# RECORDED INFORMATION:
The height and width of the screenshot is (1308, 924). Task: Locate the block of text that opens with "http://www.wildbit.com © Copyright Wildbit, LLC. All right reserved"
---
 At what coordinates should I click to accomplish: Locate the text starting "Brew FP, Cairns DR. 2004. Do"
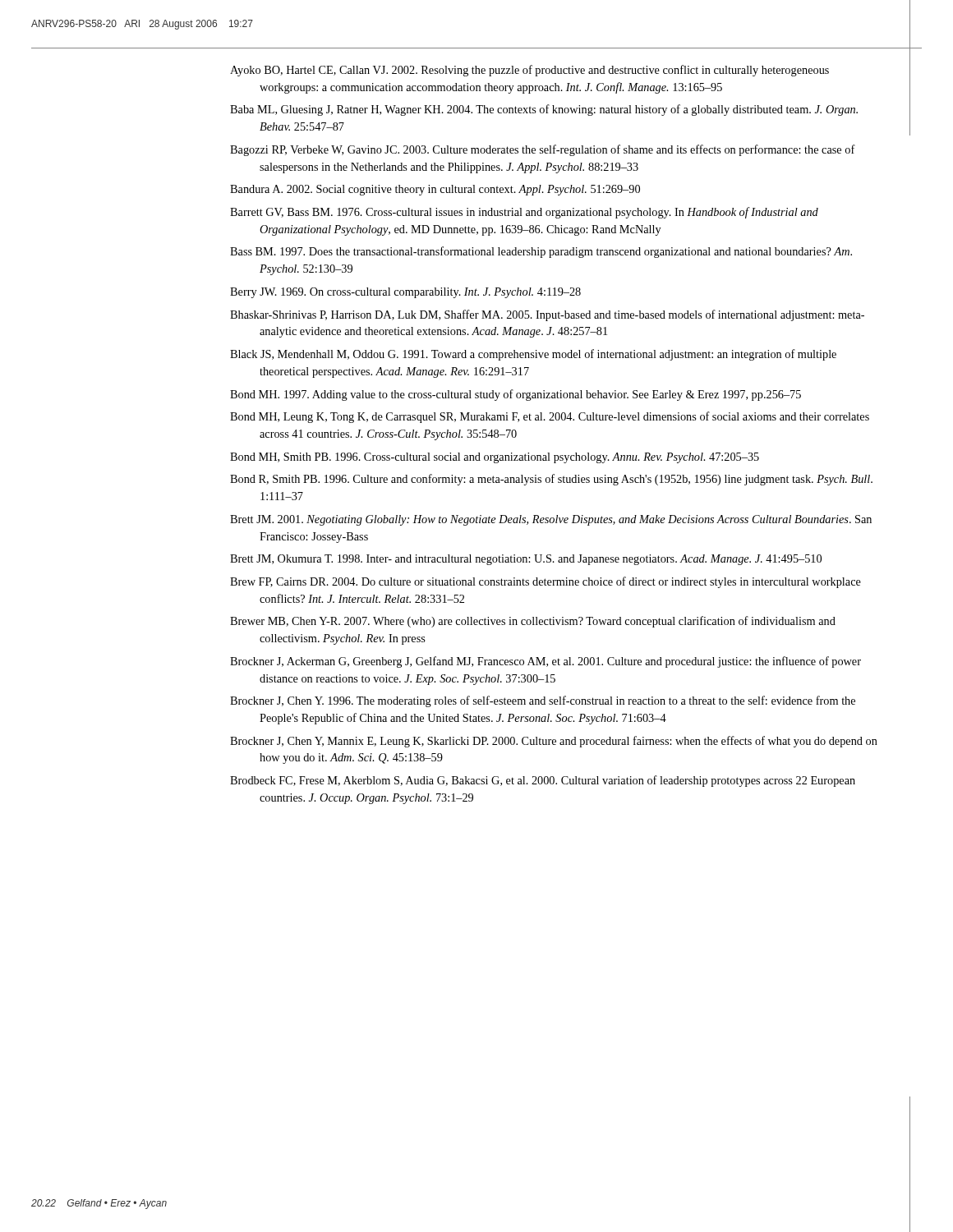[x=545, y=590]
* * *
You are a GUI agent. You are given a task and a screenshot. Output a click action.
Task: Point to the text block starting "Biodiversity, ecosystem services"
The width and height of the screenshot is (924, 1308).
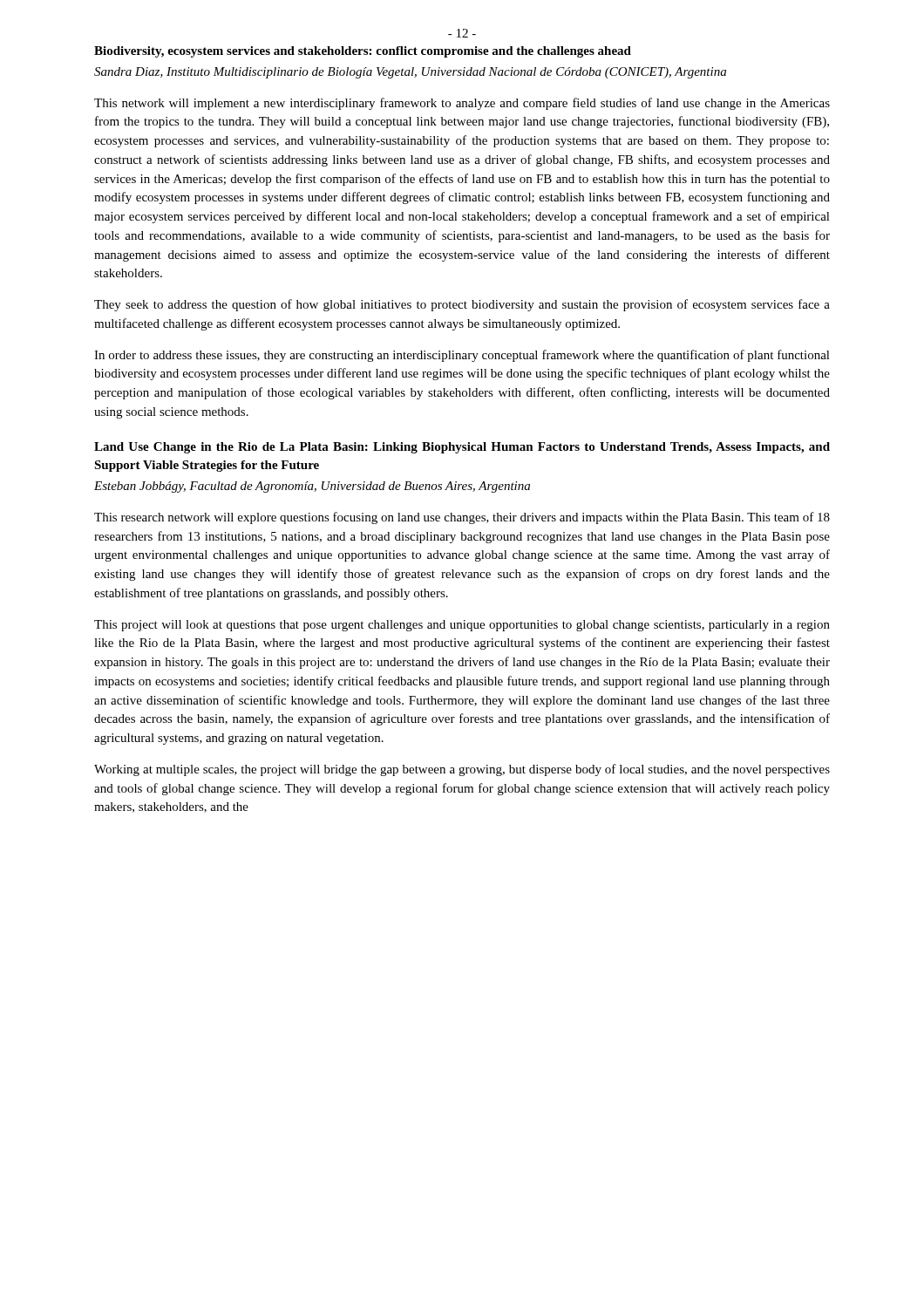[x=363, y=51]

# WHAT YOU ARE ASKED TO DO:
All lines that include the word "block" must be copied from the material above.

# WRITTEN ANSWER:
The height and width of the screenshot is (1308, 924). Task: Locate the block of text that opens with "http://www.wildbit.com © Copyright Wildbit, LLC. All right reserved"
Task: Point to the text block starting "Biodiversity, ecosystem services"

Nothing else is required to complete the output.